• _EXERCISE DETAILS_
Below are lines of data; give the number of them that contain "Mixer", and only that.

#### RECORDED INFORMATION ####

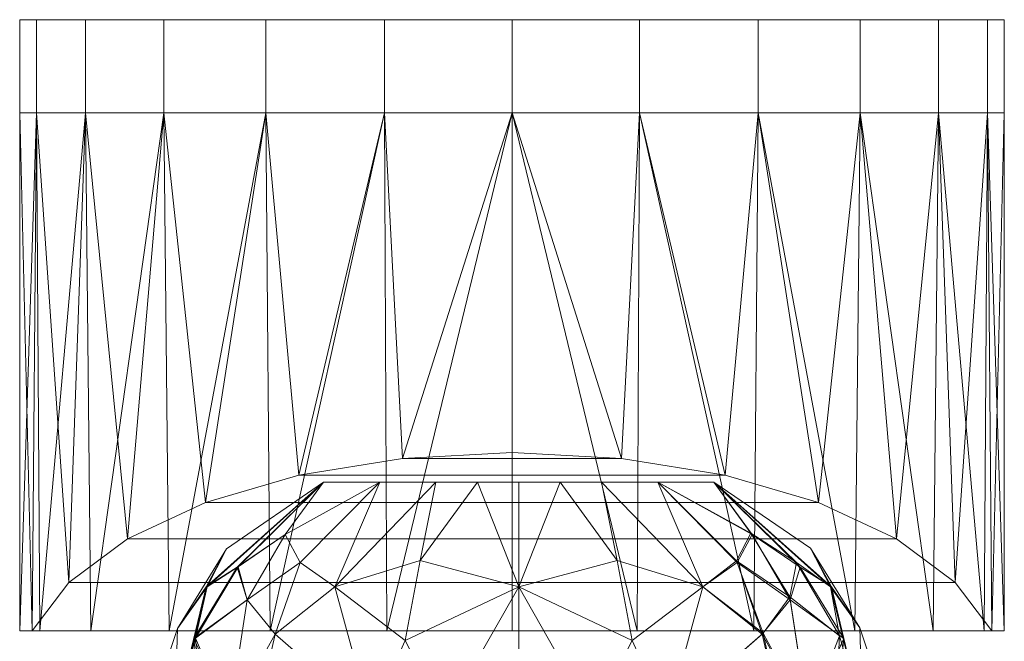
# Model space of a CAD drawing. Header units: millimetres. Extents: x -110 to 110, y -35 to 80.
# Tile 10 of 13: x -26 to 25, y 48 to 80. Entities that reach past the tile are written whole.
import ezdxf

# ---------------------------------------------------------------- set-up
doc = ezdxf.new("R2010")
doc.units = ezdxf.units.MM
doc.layers.add('M-520-M_DRAINAGE_FW', color=2, linetype='Continuous', lineweight=30)

# ---------------------------------------------------------------- blocks, each defined once
blk = doc.blocks.new('AmericanStandard_BathAndShowerMixer_Codie__FFASB211-6T1501BT0_ - Codie Exposed Bath _ Shower Mixer without Handspray-3549-3D View 1')
at = {"layer": 'M-520-M_DRAINAGE_FW', "lineweight": 9}
mesh = blk.add_polyface(dxfattribs=at)
corners = [(25.076, 80.002, 64.597), (24.209, 80.002, 58.016), (21.669, 80.002, 51.884), (17.629, 80.002, 46.619), (12.363, 80.002, 42.578), (6.231, 80.002, 40.038), (-0.349, 80.002, 39.172), (-6.93, 80.002, 40.038), (-13.061, 80.002, 42.578), (-18.327, 80.002, 46.619), (-22.368, 80.002, 51.884), (-24.907, 80.002, 58.016), (-25.774, 80.002, 64.597), (-25.774, 80.002, 142.81), (-24.907, 80.002, 149.39), (-22.368, 80.002, 155.522), (-18.327, 80.002, 160.788), (-13.061, 80.002, 164.828), (-6.93, 80.002, 167.368), (-0.349, 80.002, 168.235), (6.231, 80.002, 167.368), (12.363, 80.002, 164.828), (17.629, 80.002, 160.788), (21.669, 80.002, 155.522), (24.209, 80.002, 149.39), (25.076, 80.002, 142.81)]
mesh.append_faces([[corners[k] for k in face] for face in [(4, 2, 3), (11, 9, 10)]], dxfattribs={"vtx0": -1})
mesh.append_faces([[corners[k] for k in face] for face in [(24, 14, 20, 22)]], dxfattribs={"vtx0": -1, "vtx1": -1, "vtx2": -1, "vtx3": -1})
mesh.append_faces([[corners[k] for k in face] for face in [(13, 25, 0, 12), (14, 24, 25, 13)]], dxfattribs={"vtx0": -1, "vtx2": -1})
mesh.append_faces([[corners[k] for k in face] for face in [(23, 24, 22), (16, 17, 15)]], dxfattribs={"vtx1": -1})
mesh.append_faces([[corners[k] for k in face] for face in [(4, 5, 12, 0), (5, 6, 8, 12)]], dxfattribs={"vtx1": -1, "vtx2": -1, "vtx3": -1})
mesh.append_faces([[corners[k] for k in face] for face in [(8, 9, 11, 12), (14, 15, 19, 20)]], dxfattribs={"vtx1": -1, "vtx3": -1})
mesh.append_faces([[corners[k] for k in face] for face in [(20, 21, 22), (6, 7, 8)]], dxfattribs={"vtx2": -1})
mesh.append_faces([[corners[k] for k in face] for face in [(0, 1, 2, 4), (17, 18, 19, 15)]], dxfattribs={"vtx2": -1, "vtx3": -1})
mesh = blk.add_polyface(dxfattribs=at)
corners = [(-25.774, 80.002, 64.597), (-24.907, 80.002, 58.016), (-22.368, 80.002, 51.884), (-18.327, 80.002, 46.619), (-13.061, 80.002, 42.578), (-6.93, 80.002, 40.038), (-0.349, 80.002, 39.172), (6.231, 80.002, 40.038), (12.363, 80.002, 42.578), (17.629, 80.002, 46.619), (21.669, 80.002, 51.884), (24.209, 80.002, 58.016), (25.076, 80.002, 64.597), (25.076, 75.192, 64.597), (24.209, 75.192, 58.016), (21.669, 75.192, 51.884), (17.629, 75.192, 46.619), (12.363, 75.192, 42.578), (6.231, 75.192, 40.038), (-0.349, 75.192, 39.172), (-6.93, 75.192, 40.038), (-13.061, 75.192, 42.578), (-18.327, 75.192, 46.619), (-22.368, 75.192, 51.884), (-24.907, 75.192, 58.016), (-25.774, 75.192, 64.597)]
mesh.append_faces([[corners[k] for k in face] for face in [(13, 14, 11, 12), (0, 1, 24, 25)]], dxfattribs={"vtx1": -1})
mesh.append_faces([[corners[k] for k in face] for face in [(14, 15, 10, 11), (16, 17, 8, 9), (15, 16, 9, 10), (17, 18, 7, 8), (6, 7, 18, 19), (19, 20, 5, 6), (20, 21, 4, 5), (22, 23, 2, 3), (21, 22, 3, 4), (23, 24, 1, 2)]], dxfattribs={"vtx1": -1, "vtx3": -1})
mesh = blk.add_polyface(dxfattribs=at)
corners = [(-25.774, 80.002, 142.81), (-25.774, 80.002, 64.597), (-25.774, 75.192, 64.597), (-25.774, 75.192, 142.81)]
mesh.append_faces([[corners[k] for k in face] for face in [(3, 0, 1, 2)]])
mesh = blk.add_polyface(dxfattribs=at)
corners = [(25.076, 80.002, 142.81), (24.209, 80.002, 149.39), (21.669, 80.002, 155.522), (17.629, 80.002, 160.788), (12.363, 80.002, 164.828), (6.231, 80.002, 167.368), (-0.349, 80.002, 168.235), (-6.93, 80.002, 167.368), (-13.061, 80.002, 164.828), (-18.327, 80.002, 160.788), (-22.368, 80.002, 155.522), (-24.907, 80.002, 149.39), (-25.774, 80.002, 142.81), (-25.774, 75.192, 142.81), (-24.907, 75.192, 149.39), (-22.368, 75.192, 155.522), (-18.327, 75.192, 160.788), (-13.061, 75.192, 164.828), (-6.93, 75.192, 167.368), (-0.349, 75.192, 168.235), (6.231, 75.192, 167.368), (12.363, 75.192, 164.828), (17.629, 75.192, 160.788), (21.669, 75.192, 155.522), (24.209, 75.192, 149.39), (25.076, 75.192, 142.81)]
mesh.append_faces([[corners[k] for k in face] for face in [(13, 14, 11, 12), (0, 1, 24, 25)]], dxfattribs={"vtx1": -1})
mesh.append_faces([[corners[k] for k in face] for face in [(14, 15, 10, 11), (16, 17, 8, 9), (15, 16, 9, 10), (17, 18, 7, 8), (6, 7, 18, 19), (19, 20, 5, 6), (20, 21, 4, 5), (22, 23, 2, 3), (21, 22, 3, 4), (23, 24, 1, 2)]], dxfattribs={"vtx1": -1, "vtx3": -1})
mesh = blk.add_polyface(dxfattribs=at)
corners = [(25.076, 80.002, 64.597), (25.076, 80.002, 142.81), (25.076, 75.192, 142.81), (25.076, 75.192, 64.597)]
mesh.append_faces([[corners[k] for k in face] for face in [(3, 0, 1, 2)]])
mesh = blk.add_polyface(dxfattribs=at)
corners = [(-0.349, 48.464, 90.021), (-0.349, 75.192, 90.021), (-6.93, 75.192, 89.155), (-13.061, 75.192, 86.615), (-18.327, 75.192, 82.575), (-22.368, 75.192, 77.309), (-24.907, 75.192, 71.177), (-25.774, 75.192, 64.597), (-24.907, 75.192, 58.016), (-22.368, 75.192, 51.884), (-18.327, 75.192, 46.619), (-13.061, 75.192, 42.578), (-6.93, 75.192, 40.038), (-0.349, 75.192, 39.172), (-0.349, 57.659, 39.172), (-5.999, 57.363, 39.808), (-11.366, 56.489, 41.683), (-16.182, 55.08, 44.703), (-20.206, 53.208, 48.719), (-23.238, 50.965, 53.528), (-25.125, 48.464, 58.891), (-25.762, 48.464, 65.369), (-24.733, 48.464, 71.796), (-22.106, 48.464, 77.752), (-18.052, 48.464, 82.845), (-12.838, 48.464, 86.742), (-6.805, 48.464, 89.188)]
mesh.append_faces([[corners[k] for k in face] for face in [(2, 26, 1), (3, 25, 2), (24, 4, 23), (9, 19, 8), (18, 10, 17)]], dxfattribs={"vtx0": -1, "vtx1": -1})
mesh.append_faces([[corners[k] for k in face] for face in [(23, 4, 5), (22, 5, 6), (2, 25, 26), (20, 7, 8), (16, 11, 12), (17, 10, 11), (18, 9, 10), (7, 20, 21)]], dxfattribs={"vtx0": -1, "vtx2": -1})
mesh.append_faces([[corners[k] for k in face] for face in [(14, 15, 13)]], dxfattribs={"vtx1": -1})
mesh.append_faces([[corners[k] for k in face] for face in [(3, 4, 24), (22, 23, 5), (24, 25, 3), (21, 22, 6), (6, 7, 21), (12, 13, 15), (19, 20, 8), (18, 19, 9), (16, 17, 11), (15, 16, 12)]], dxfattribs={"vtx1": -1, "vtx2": -1})
mesh.append_faces([[corners[k] for k in face] for face in [(26, 0, 1)]], dxfattribs={"vtx2": -1})
mesh = blk.add_polyface(dxfattribs=at)
corners = [(25.076, 75.192, 64.597), (25.076, 75.192, 142.81), (24.209, 75.192, 149.39), (21.669, 75.192, 155.522), (17.629, 75.192, 160.788), (12.363, 75.192, 164.828), (6.231, 75.192, 167.368), (-0.349, 75.192, 168.235), (-6.93, 75.192, 167.368), (-13.061, 75.192, 164.828), (-18.327, 75.192, 160.788), (-22.368, 75.192, 155.522), (-24.907, 75.192, 149.39), (-25.774, 75.192, 142.81), (-25.774, 75.192, 64.597), (-24.907, 75.192, 71.177), (-22.368, 75.192, 77.309), (-18.327, 75.192, 82.575), (-13.061, 75.192, 86.615), (-6.93, 75.192, 89.155), (-0.349, 75.192, 90.021), (6.231, 75.192, 89.155), (12.363, 75.192, 86.615), (17.629, 75.192, 82.575), (21.669, 75.192, 77.309), (24.209, 75.192, 71.177)]
mesh.append_faces([[corners[k] for k in face] for face in [(8, 6, 7)]], dxfattribs={"vtx0": -1})
mesh.append_faces([[corners[k] for k in face] for face in [(13, 19, 20), (1, 20, 21)]], dxfattribs={"vtx0": -1, "vtx2": -1})
mesh.append_faces([[corners[k] for k in face] for face in [(1, 12, 13, 20)]], dxfattribs={"vtx0": -1, "vtx2": -1, "vtx3": -1})
mesh.append_faces([[corners[k] for k in face] for face in [(14, 15, 13)]], dxfattribs={"vtx1": -1})
mesh.append_faces([[corners[k] for k in face] for face in [(15, 16, 13), (18, 19, 13), (17, 18, 13), (16, 17, 13), (22, 23, 1), (21, 22, 1), (24, 25, 1), (23, 24, 1), (1, 2, 12)]], dxfattribs={"vtx1": -1, "vtx2": -1})
mesh.append_faces([[corners[k] for k in face] for face in [(10, 11, 3, 4), (11, 12, 2, 3), (9, 10, 4, 5), (8, 9, 5, 6)]], dxfattribs={"vtx1": -1, "vtx3": -1})
mesh.append_faces([[corners[k] for k in face] for face in [(25, 0, 1)]], dxfattribs={"vtx2": -1})
mesh = blk.add_polyface(dxfattribs=at)
corners = [(-0.349, 75.192, 90.021), (-0.349, 48.464, 90.021), (6.107, 48.464, 89.188), (12.14, 48.464, 86.742), (17.354, 48.464, 82.845), (21.407, 48.464, 77.752), (24.035, 48.464, 71.796), (25.064, 48.464, 65.369), (24.427, 48.464, 58.891), (22.54, 50.965, 53.528), (19.508, 53.208, 48.719), (15.484, 55.08, 44.703), (10.667, 56.489, 41.683), (5.3, 57.363, 39.808), (-0.349, 57.659, 39.172), (-0.349, 75.192, 39.172), (6.231, 75.192, 40.038), (12.363, 75.192, 42.578), (17.629, 75.192, 46.619), (21.669, 75.192, 51.884), (24.209, 75.192, 58.016), (25.076, 75.192, 64.597), (24.209, 75.192, 71.177), (21.669, 75.192, 77.309), (17.629, 75.192, 82.575), (12.363, 75.192, 86.615), (6.231, 75.192, 89.155)]
mesh.append_faces([[corners[k] for k in face] for face in [(16, 13, 15), (17, 12, 16), (10, 19, 9), (12, 17, 11), (6, 23, 5), (5, 24, 4)]], dxfattribs={"vtx0": -1, "vtx1": -1})
mesh.append_faces([[corners[k] for k in face] for face in [(10, 18, 19), (9, 19, 20), (6, 22, 23), (4, 24, 25), (5, 23, 24), (2, 26, 0), (21, 7, 8)]], dxfattribs={"vtx0": -1, "vtx2": -1})
mesh.append_faces([[corners[k] for k in face] for face in [(17, 18, 11), (12, 13, 16), (10, 11, 18), (8, 9, 20), (20, 21, 8), (21, 22, 7), (25, 26, 3), (6, 7, 22), (3, 4, 25), (2, 3, 26)]], dxfattribs={"vtx1": -1, "vtx2": -1})
mesh.append_faces([[corners[k] for k in face] for face in [(13, 14, 15), (0, 1, 2)]], dxfattribs={"vtx2": -1})
mesh = blk.add_polyface(dxfattribs=at)
corners = [(24.427, 48.464, 58.891), (-25.125, 48.464, 58.891), (-23.238, 50.965, 53.528), (-20.206, 53.208, 48.719), (-16.182, 55.08, 44.703), (-11.366, 56.489, 41.683), (-5.999, 57.363, 39.808), (-0.349, 57.659, 39.172), (5.3, 57.363, 39.808), (10.667, 56.489, 41.683), (15.484, 55.08, 44.703), (19.508, 53.208, 48.719), (22.54, 50.965, 53.528)]
mesh.append_faces([[corners[k] for k in face] for face in [(5, 9, 10, 4), (6, 8, 9, 5)]], dxfattribs={"vtx0": -1, "vtx2": -1})
mesh.append_faces([[corners[k] for k in face] for face in [(10, 11, 3, 4), (11, 12, 2, 3)]], dxfattribs={"vtx1": -1, "vtx3": -1})
mesh.append_faces([[corners[k] for k in face] for face in [(6, 7, 8)]], dxfattribs={"vtx2": -1})
mesh.append_faces([[corners[k] for k in face] for face in [(12, 0, 1, 2)]], dxfattribs={"vtx3": -1})
mesh = blk.add_polyface(dxfattribs=at)
corners = [(0, 56.132, 75.086), (-10.077, 56.132, 69.268), (-10.077, 56.132, 57.632), (0, 56.132, 51.814), (0, 50.729, 46.985), (0, 44.001, 44.293), (-13.546, 44.001, 49.904), (-19.157, 44.001, 63.45), (-13.546, 44.001, 76.996), (0, 44.001, 82.607), (0, 50.729, 79.915), (-4.276, 56.132, 54.283), (-4.276, 56.132, 72.617), (-7.665, 44.001, 47.468), (-7.665, 44.001, 79.432), (-9.498, 50.729, 50.001), (-9.498, 50.729, 76.899), (-16.352, 44.001, 56.677), (-10.077, 56.132, 63.45), (-16.148, 50.729, 60.238), (-16.096, 50.729, 66.916), (-16.352, 44.001, 70.223), (-14.018, 50.065, 54.083), (-14.018, 50.065, 72.816), (-2.138, 56.132, 53.049), (-5.086, 52.087, 48.759), (-3.832, 44.001, 45.88), (-5.858, 47.962, 46.529), (-2.138, 56.132, 73.851), (-5.086, 52.087, 78.141), (-3.832, 44.001, 81.02), (-5.858, 47.962, 80.371), (-7.177, 56.132, 55.958), (-7.177, 56.132, 70.942), (-17.754, 44.001, 60.063), (-10.077, 56.132, 60.541), (-15.087, 52.689, 63.569), (-17.628, 48.582, 63.519), (-17.754, 44.001, 66.837), (-10.077, 56.132, 66.359), (-12.576, 48.296, 50.911), (-11.287, 51.987, 52.652), (-12.057, 53.431, 55.446), (-14.537, 51.758, 57.303), (-16.785, 48.068, 57.348), (-14.949, 44.001, 53.29), (-14.949, 44.001, 73.61), (-12.576, 48.296, 75.989), (-11.287, 51.987, 74.248), (-12.057, 53.431, 71.454), (-14.485, 51.761, 69.715), (-16.694, 48.081, 69.782)]
mesh.append_faces([[corners[k] for k in face] for face in [(13, 27, 26), (17, 44, 45), (32, 42, 2), (34, 44, 17), (14, 47, 8), (8, 47, 46)]], dxfattribs={"vtx0": -1, "vtx1": -1})
mesh.append_faces([[corners[k] for k in face] for face in [(41, 15, 40), (16, 29, 12), (48, 49, 23), (22, 41, 40), (11, 25, 15), (51, 46, 23), (24, 4, 25), (10, 31, 30), (47, 14, 16), (29, 31, 10), (43, 2, 42), (44, 34, 19), (13, 40, 15), (47, 23, 46), (20, 39, 36), (20, 37, 38), (44, 19, 43), (48, 23, 47), (23, 50, 51), (25, 27, 15), (26, 27, 4), (15, 27, 13), (4, 27, 25), (10, 28, 29), (31, 16, 14), (16, 31, 29), (42, 32, 41), (20, 36, 37), (36, 35, 19), (37, 36, 19), (39, 20, 50), (34, 37, 19), (50, 23, 49), (42, 41, 22), (32, 15, 41), (43, 42, 22), (45, 44, 22), (35, 43, 19), (22, 44, 43), (40, 45, 22), (48, 47, 16), (16, 33, 48), (33, 49, 48), (50, 49, 1), (51, 50, 20), (38, 51, 20)]], dxfattribs={"vtx0": -1, "vtx1": -1, "vtx2": -1})
mesh.append_faces([[corners[k] for k in face] for face in [(40, 6, 45), (37, 34, 7), (40, 13, 6), (31, 14, 30), (16, 12, 33), (51, 38, 21), (37, 7, 38), (49, 33, 1), (51, 21, 46)]], dxfattribs={"vtx0": -1, "vtx2": -1})
mesh.append_faces([[corners[k] for k in face] for face in [(9, 10, 30)]], dxfattribs={"vtx1": -1})
mesh.append_faces([[corners[k] for k in face] for face in [(11, 24, 25), (18, 35, 36, 39), (35, 2, 43), (28, 12, 29), (32, 11, 15), (1, 39, 50)]], dxfattribs={"vtx1": -1, "vtx2": -1})
mesh.append_faces([[corners[k] for k in face] for face in [(4, 5, 26), (24, 3, 4), (10, 0, 28)]], dxfattribs={"vtx2": -1})
mesh = blk.add_polyface(dxfattribs=at)
corners = [(0, 56.132, 63.45), (0, 56.132, 51.814), (-10.077, 56.132, 57.632), (-10.077, 56.132, 69.268), (0, 56.132, 75.086)]
mesh.append_faces([[corners[k] for k in face] for face in [(3, 4, 0)]], dxfattribs={"vtx2": -1})
mesh.append_faces([[corners[k] for k in face] for face in [(0, 1, 2, 3)]], dxfattribs={"vtx3": -1})
mesh = blk.add_polyface(dxfattribs=at)
corners = [(0, 56.132, 51.814), (10.077, 56.132, 57.632), (10.077, 56.132, 69.268), (0, 56.132, 75.086), (0, 50.729, 79.915), (0, 44.001, 82.607), (13.546, 44.001, 76.996), (19.157, 44.001, 63.45), (13.546, 44.001, 49.904), (0, 44.001, 44.293), (0, 50.729, 46.985), (4.276, 56.132, 54.283), (4.276, 56.132, 72.617), (7.665, 44.001, 47.468), (7.665, 44.001, 79.432), (9.498, 50.729, 50.001), (9.498, 50.729, 76.899), (16.352, 44.001, 56.677), (10.077, 56.132, 63.45), (16.148, 50.729, 60.238), (16.096, 50.729, 66.916), (16.352, 44.001, 70.223), (14.018, 50.065, 54.083), (13.994, 50.213, 72.699), (2.138, 56.132, 53.049), (5.086, 52.087, 48.759), (3.832, 44.001, 45.88), (5.858, 47.962, 46.529), (2.138, 56.132, 73.851), (5.086, 52.087, 78.141), (3.832, 44.001, 81.02), (5.858, 47.962, 80.371), (7.177, 56.132, 55.958), (7.177, 56.132, 70.942), (17.754, 44.001, 60.063), (10.077, 56.132, 60.541), (17.608, 48.623, 63.589), (15.059, 52.725, 63.509), (17.754, 44.001, 66.837), (10.077, 56.132, 66.359), (14.949, 44.001, 53.29), (12.576, 48.296, 50.911), (11.287, 51.987, 52.652), (12.057, 53.431, 55.446), (14.537, 51.758, 57.303), (16.785, 48.068, 57.348), (12.624, 48.342, 75.911), (11.245, 52.075, 74.198), (11.979, 53.504, 71.455), (14.351, 51.996, 69.6), (16.569, 48.199, 69.962), (14.949, 44.001, 73.61)]
mesh.append_faces([[corners[k] for k in face] for face in [(34, 36, 7), (7, 36, 38), (14, 31, 30), (8, 41, 40), (13, 41, 8), (33, 48, 2), (38, 50, 21), (51, 46, 6), (21, 50, 51)]], dxfattribs={"vtx0": -1, "vtx1": -1})
mesh.append_faces([[corners[k] for k in face] for face in [(47, 16, 46), (50, 23, 51), (25, 27, 10), (15, 25, 11), (20, 38, 36), (45, 40, 22), (12, 29, 16), (36, 34, 19), (10, 27, 26), (41, 13, 15), (42, 43, 22), (44, 22, 43), (35, 19, 44), (42, 41, 15), (28, 4, 29), (37, 20, 36), (22, 44, 45), (41, 42, 22), (37, 36, 19), (23, 47, 46), (10, 24, 25), (27, 15, 13), (15, 27, 25), (29, 31, 16), (30, 31, 4), (16, 31, 14), (4, 31, 29), (48, 33, 47), (50, 38, 20), (35, 37, 19), (49, 2, 48), (20, 49, 50), (37, 39, 20), (40, 41, 22), (15, 32, 42), (32, 43, 42), (44, 43, 1), (45, 44, 19), (34, 45, 19), (14, 46, 16), (48, 47, 23), (33, 16, 47), (49, 48, 23), (46, 51, 23), (39, 49, 20), (23, 50, 49)]], dxfattribs={"vtx0": -1, "vtx1": -1, "vtx2": -1})
mesh.append_faces([[corners[k] for k in face] for face in [(46, 14, 6), (27, 13, 26), (49, 39, 2), (15, 11, 32), (43, 32, 1), (45, 17, 40)]], dxfattribs={"vtx0": -1, "vtx2": -1})
mesh.append_faces([[corners[k] for k in face] for face in [(9, 10, 26)]], dxfattribs={"vtx1": -1})
mesh.append_faces([[corners[k] for k in face] for face in [(12, 28, 29), (18, 39, 37, 35), (24, 11, 25), (33, 12, 16), (34, 17, 45), (1, 35, 44)]], dxfattribs={"vtx1": -1, "vtx2": -1})
mesh.append_faces([[corners[k] for k in face] for face in [(4, 5, 30), (10, 0, 24), (28, 3, 4)]], dxfattribs={"vtx2": -1})
mesh = blk.add_polyface(dxfattribs=at)
corners = [(0, 56.132, 63.45), (0, 56.132, 75.086), (10.077, 56.132, 69.268), (10.077, 56.132, 57.632), (0, 56.132, 51.814)]
mesh.append_faces([[corners[k] for k in face] for face in [(1, 2, 0)]], dxfattribs={"vtx1": -1})
mesh.append_faces([[corners[k] for k in face] for face in [(3, 4, 0, 2)]], dxfattribs={"vtx2": -1})
mesh = blk.add_polyface(dxfattribs=at)
corners = [(-0.349, 48.464, 90.021), (-6.805, 48.464, 89.188), (-12.838, 48.464, 86.742), (-18.052, 48.464, 82.845), (-22.106, 48.464, 77.752), (-24.733, 48.464, 71.796), (-25.762, 48.464, 65.369), (-25.125, 48.464, 58.891), (24.427, 48.464, 58.891), (25.064, 48.464, 65.369), (24.035, 48.464, 71.796), (21.407, 48.464, 77.752), (17.354, 48.464, 82.845), (12.14, 48.464, 86.742), (6.107, 48.464, 89.188)]
mesh.append_faces([[corners[k] for k in face] for face in [(1, 14, 0)]], dxfattribs={"vtx0": -1})
mesh.append_faces([[corners[k] for k in face] for face in [(5, 8, 3, 4), (10, 14, 8, 9)]], dxfattribs={"vtx0": -1, "vtx1": -1})
mesh.append_faces([[corners[k] for k in face] for face in [(14, 3, 8)]], dxfattribs={"vtx0": -1, "vtx1": -1, "vtx2": -1})
mesh.append_faces([[corners[k] for k in face] for face in [(12, 13, 14)]], dxfattribs={"vtx2": -1})
mesh.append_faces([[corners[k] for k in face] for face in [(1, 2, 3, 14), (10, 11, 12, 14)]], dxfattribs={"vtx2": -1, "vtx3": -1})
mesh.append_faces([[corners[k] for k in face] for face in [(5, 6, 7, 8)]], dxfattribs={"vtx3": -1})

msp = doc.modelspace()

# ---------------------------------------------------------------- block references
at = {"layer": 'M-520-M_DRAINAGE_FW', "lineweight": 9}
msp.add_blockref('AmericanStandard_BathAndShowerMixer_Codie__FFASB211-6T1501BT0_ - Codie Exposed Bath _ Shower Mixer without Handspray-3549-3D View 1', (0, 0), dxfattribs=at)

doc.saveas('drawing.dxf')

####

• _WRITTEN ANSWER_
2